端的に言えば衆生の意味は「生きとし生けるものすべて」ですが、もっと幅広い意味やニュアンスを理解すると、使いこなせるシーンが増えるぞ。
日本語検定一級を持ち、文学部に所属する現役大学生ライターである文学少女を呼んです。一緒に「衆生」の意味や例文、類語などを見ていきます。
ライター/文学少女
文学部で学んでいる読書好きの現役大学生。大学のみならず、日々の読書や日本語検定・漢字検定などで学んだ知識を活かして、種々の言葉を丁寧に解説する。
「衆生」の意味は?
「衆生」には、次のような意味があります。
仏語。迷いの世界にあるあらゆる生類。仏の救済の対象となるもの。いきとしいけるもの。
出典:精選版 日本国語大辞典(小学館)「衆生」
「衆生」は「しゅじょう」(「すじょう」「しゅうせい」など揺れあり)と読み、生類全般という意味です。特に迷いある生き物としての人間を指すことが多いですが、原義的にはその他の動物なども含まれています。なお、植物は基本的には当てはまりませんが、一部宗派ではこの語の範疇とされることもあるようです。

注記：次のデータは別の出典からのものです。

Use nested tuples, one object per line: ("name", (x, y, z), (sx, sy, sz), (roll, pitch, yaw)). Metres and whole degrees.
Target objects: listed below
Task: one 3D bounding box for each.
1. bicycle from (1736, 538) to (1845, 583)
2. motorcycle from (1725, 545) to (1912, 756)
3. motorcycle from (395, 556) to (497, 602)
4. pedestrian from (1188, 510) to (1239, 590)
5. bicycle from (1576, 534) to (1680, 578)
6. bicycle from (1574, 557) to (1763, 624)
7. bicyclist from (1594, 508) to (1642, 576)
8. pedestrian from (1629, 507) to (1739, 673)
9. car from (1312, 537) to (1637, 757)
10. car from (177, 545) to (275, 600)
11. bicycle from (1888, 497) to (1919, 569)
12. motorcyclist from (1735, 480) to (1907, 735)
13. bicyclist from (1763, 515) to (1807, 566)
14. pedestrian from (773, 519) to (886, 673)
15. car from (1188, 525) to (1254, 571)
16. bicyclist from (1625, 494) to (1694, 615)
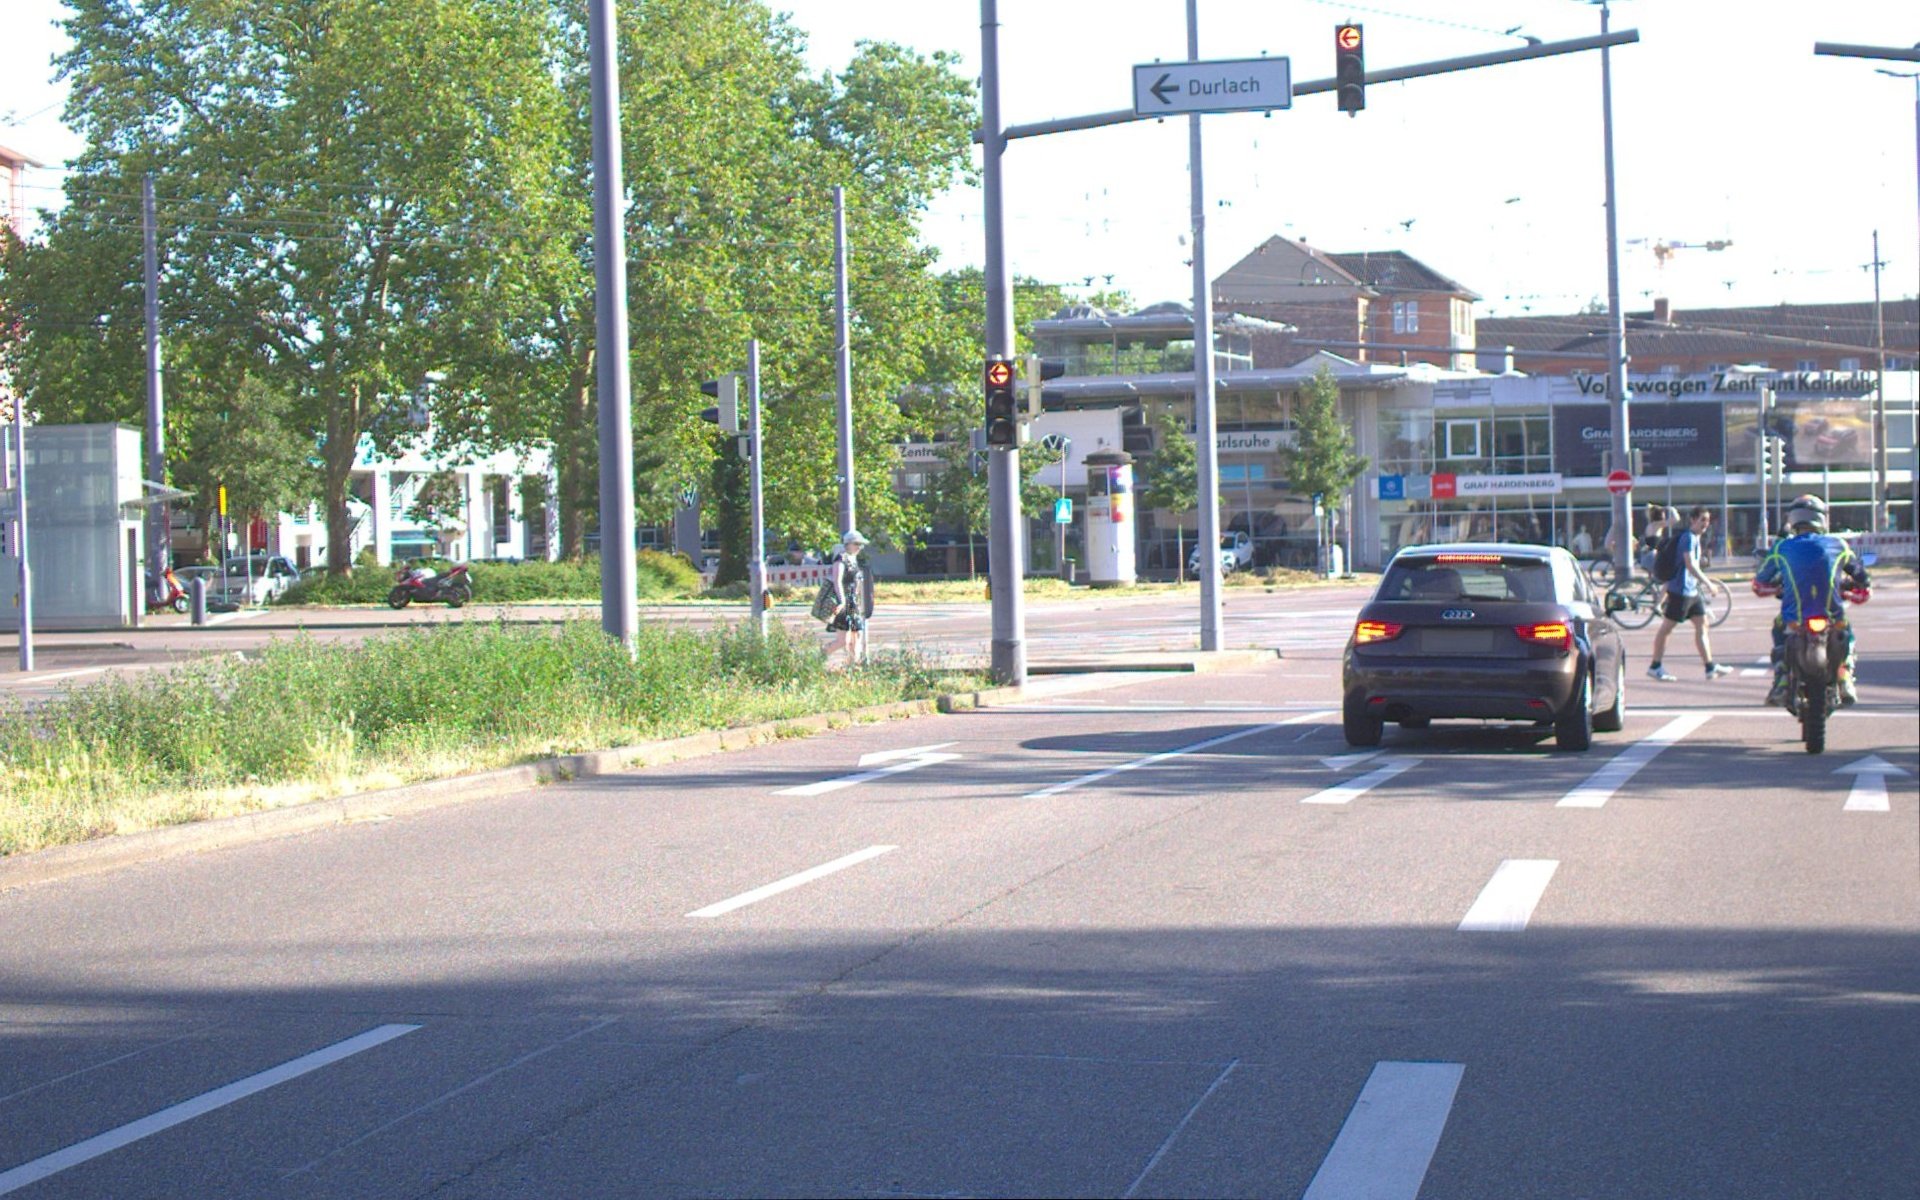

この語の背景には、仏教における十界という考え方があります。これは、生命の境地を十種類(地獄界・餓鬼界・畜生界・修羅界・人界・天界・声聞界・縁覚界・菩薩界・仏界)に分類したものです。この内特に前六つをまとめて「六道」と、後四つを「四聖」と呼びます。それぞれの詳細は省略しますが、大まかには「六道」が輪廻世界を指し、「四聖」はそこから解脱した世界です。「衆生」は輪廻に迷う、つまり六道に属する存在全てを指すと考えればよいでしょう。
「衆生」の語源は?
次に、「衆生」の語源を確認しておきましょう。仏教用語であり、仏典を記述する際に用いられたサンスクリット語由来です。いくつかのサンスクリット語の単語にまたがる漢訳語として使われていますが、一般的にはसत्त्व(sattva:薩埵)と対応しています。この語は、「生存している」という意味のsatに抽象名詞をつくるtvaを加えた語です。他には、बहुजन(bahujana)やजगत्(jagat)の訳語でもあります。これらはそれぞれ、「(世間の)人々」「世界」を意味する語です。